Greg Haskins, owner of Wildwood Nursery, 270 S. Ninth Ave., has been the landscape manager for the Seabrook Land Company, a pedestrian-friendly, village-type development of 220 homes about a mile north of Pacific City.


Since 2004, Haskins has designed the project’s landscaping and selected plant materials native to the Northwest that thrive in the often windy, cool and rainy coastal area.


Haskins said the development emphasizes front porches, alleyways, pocket parks and the ability to walk to amenities.


In 2010, Haskins oversaw the landscaping of the company’s “ultimate beach house,” which ended up being featured in a five-page spread in the October edition of Coastal Living magazine. And although Haskins moved to Sequim about a year ago to establish his own landscaping business, he remains closely involved with Seabrook on a new combination project with the company and Sunset magazine. In its July issue, the magazine announced an upcoming article on the “Ideal Town,”featuring two brand new homes in the development that have “the best ideas in home and garden design” by promoting community and sustainability.


“My involvement was to do all the design and choose plant materials,” Haskins said. “Because Seabrook’s standard is 70 percent Northwest materials, I’ve incorporated native conifers, really cool wind-swept shore pines, rain gardens with western red cedar, wetland grasses and vine maples. They’re ‘imagining’ the owner wanting a Japanese garden, so I’m including a variety of Japanese pines and cedars. Sunset is always is after edibles in the landscape, so I selected blueberries, thornless blackberries, white currants, hops and lavender to represent Sequim.”


A ‘big splash’

Haskins said Seabrook and Sunset favor “big splash” plants, so he included rocket ligularia with its bright yellow spikes, large serrated leaves and mahogany stems.


“It forced me to bring in more show-stopper stuff,” Haskins said of the opportunity to appear in a feature to be published in Sunset this fall. “I like the blacks, silvers, whites and yellows — whites and yellows are very eye-catching.”


Haskins said the “Ideal Town” project will feature well over 70 different varieties of his plants, shrubs and trees.

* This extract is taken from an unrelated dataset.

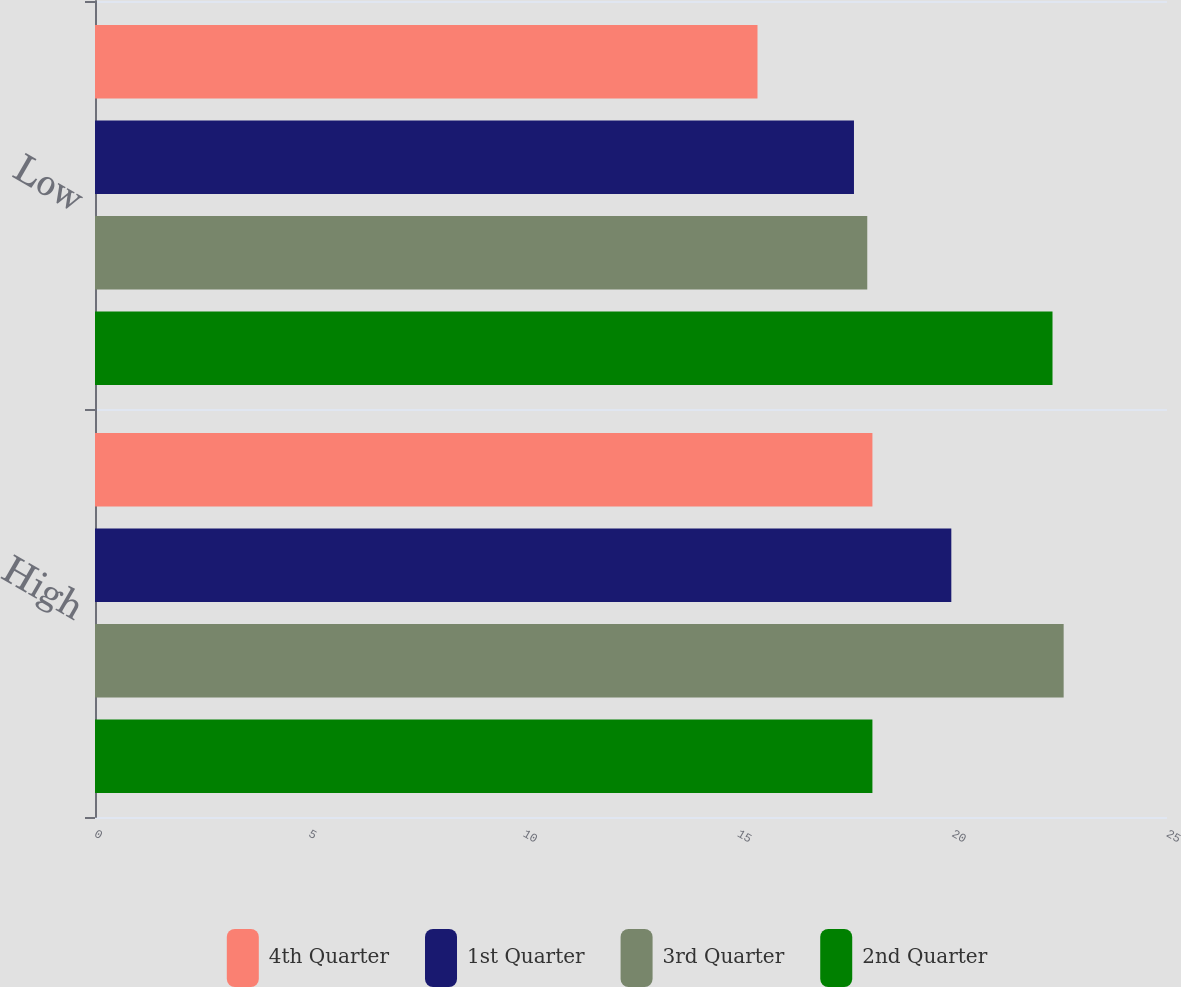<chart> <loc_0><loc_0><loc_500><loc_500><stacked_bar_chart><ecel><fcel>High<fcel>Low<nl><fcel>4th Quarter<fcel>18.13<fcel>15.45<nl><fcel>1st Quarter<fcel>19.97<fcel>17.7<nl><fcel>3rd Quarter<fcel>22.59<fcel>18.01<nl><fcel>2nd Quarter<fcel>18.13<fcel>22.33<nl></chart>

Other project design elements Haskins worked with include a greenhouse for hydroponically grown tomatoes and a Mediterranean herb garden. The magazine will have a photo shoot on the site on July 20.

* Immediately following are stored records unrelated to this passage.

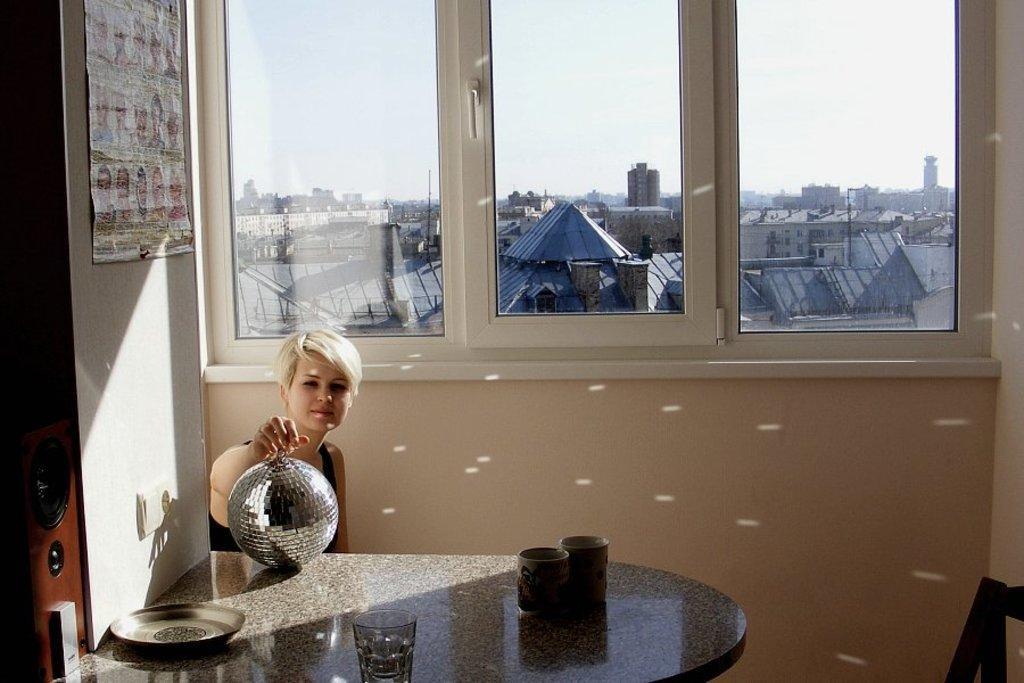Can you describe this image briefly? The picture is taken in a closed room in which one woman is sitting and holding a silver ball on the table and on the table there are cups and plate and behind her there are glass windows and outside the glass windows there are number of buildings and a sky and beside her there is wall with poster. 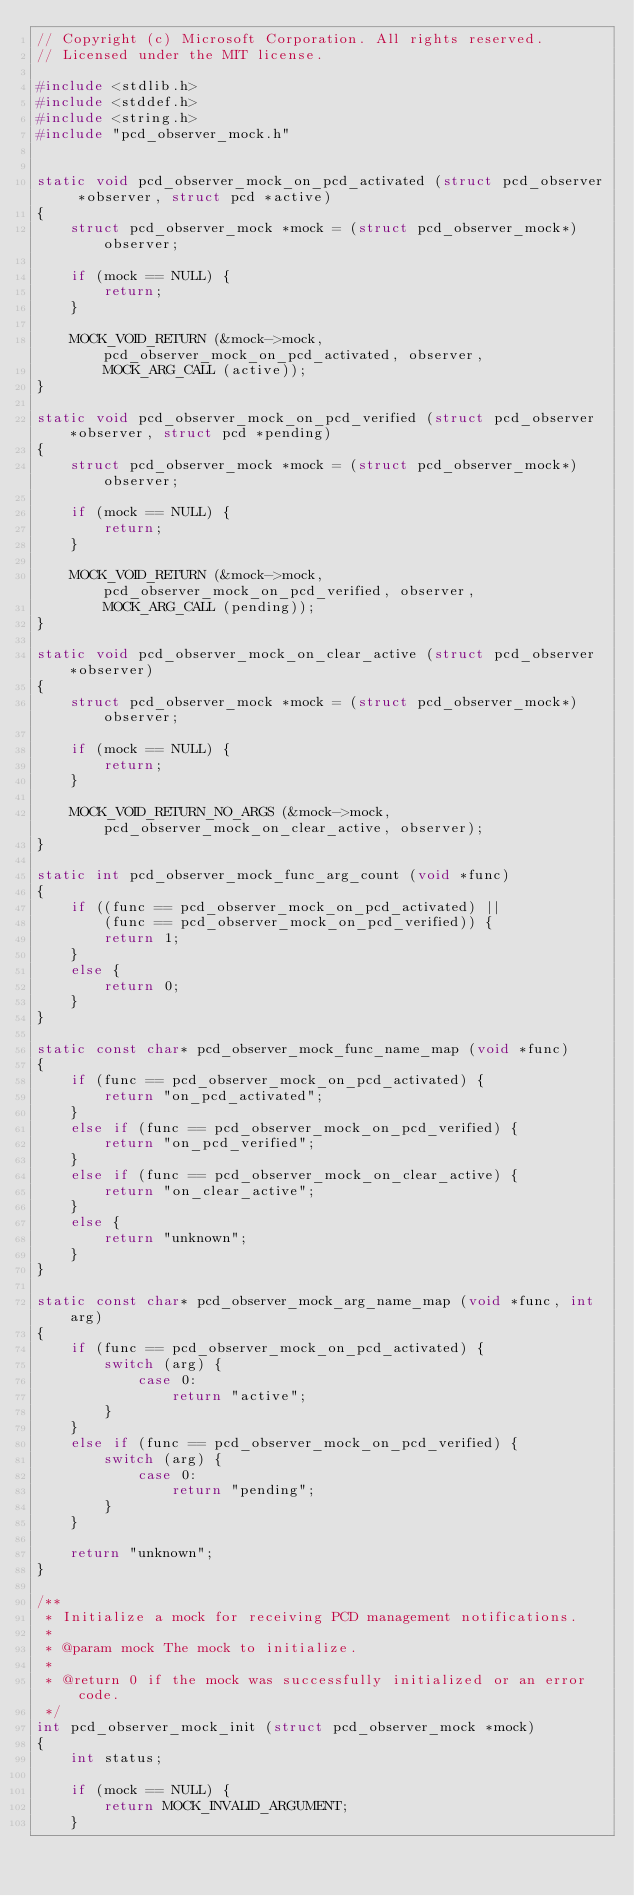<code> <loc_0><loc_0><loc_500><loc_500><_C_>// Copyright (c) Microsoft Corporation. All rights reserved.
// Licensed under the MIT license.

#include <stdlib.h>
#include <stddef.h>
#include <string.h>
#include "pcd_observer_mock.h"


static void pcd_observer_mock_on_pcd_activated (struct pcd_observer *observer, struct pcd *active)
{
	struct pcd_observer_mock *mock = (struct pcd_observer_mock*) observer;

	if (mock == NULL) {
		return;
	}

	MOCK_VOID_RETURN (&mock->mock, pcd_observer_mock_on_pcd_activated, observer,
		MOCK_ARG_CALL (active));
}

static void pcd_observer_mock_on_pcd_verified (struct pcd_observer *observer, struct pcd *pending)
{
	struct pcd_observer_mock *mock = (struct pcd_observer_mock*) observer;

	if (mock == NULL) {
		return;
	}

	MOCK_VOID_RETURN (&mock->mock, pcd_observer_mock_on_pcd_verified, observer,
		MOCK_ARG_CALL (pending));
}

static void pcd_observer_mock_on_clear_active (struct pcd_observer *observer)
{
	struct pcd_observer_mock *mock = (struct pcd_observer_mock*) observer;

	if (mock == NULL) {
		return;
	}

	MOCK_VOID_RETURN_NO_ARGS (&mock->mock, pcd_observer_mock_on_clear_active, observer);
}

static int pcd_observer_mock_func_arg_count (void *func)
{
	if ((func == pcd_observer_mock_on_pcd_activated) ||
		(func == pcd_observer_mock_on_pcd_verified)) {
		return 1;
	}
	else {
		return 0;
	}
}

static const char* pcd_observer_mock_func_name_map (void *func)
{
	if (func == pcd_observer_mock_on_pcd_activated) {
		return "on_pcd_activated";
	}
	else if (func == pcd_observer_mock_on_pcd_verified) {
		return "on_pcd_verified";
	}
	else if (func == pcd_observer_mock_on_clear_active) {
		return "on_clear_active";
	}
	else {
		return "unknown";
	}
}

static const char* pcd_observer_mock_arg_name_map (void *func, int arg)
{
	if (func == pcd_observer_mock_on_pcd_activated) {
		switch (arg) {
			case 0:
				return "active";
		}
	}
	else if (func == pcd_observer_mock_on_pcd_verified) {
		switch (arg) {
			case 0:
				return "pending";
		}
	}

	return "unknown";
}

/**
 * Initialize a mock for receiving PCD management notifications.
 *
 * @param mock The mock to initialize.
 *
 * @return 0 if the mock was successfully initialized or an error code.
 */
int pcd_observer_mock_init (struct pcd_observer_mock *mock)
{
	int status;

	if (mock == NULL) {
		return MOCK_INVALID_ARGUMENT;
	}
</code>

To see some of Haskins’ local work, visit a drought-tolerant rock garden in the Water Reuse Demonstration Park he designed in conjunction with Joe Holtrop of the Clallam Conservation District.


Although Wildwood Nursery is predominantly a wholesale nursery, Haskins said he’s glad to provide free consultations for people, assessing their preferences, their budget and what their land can handle. He then arranges the plants much as they might look in the customer’s yard, streamlining the design process by not drawing out a formal design.


“I try to give people a road map to work on over time. They don’t have to do everything at once.”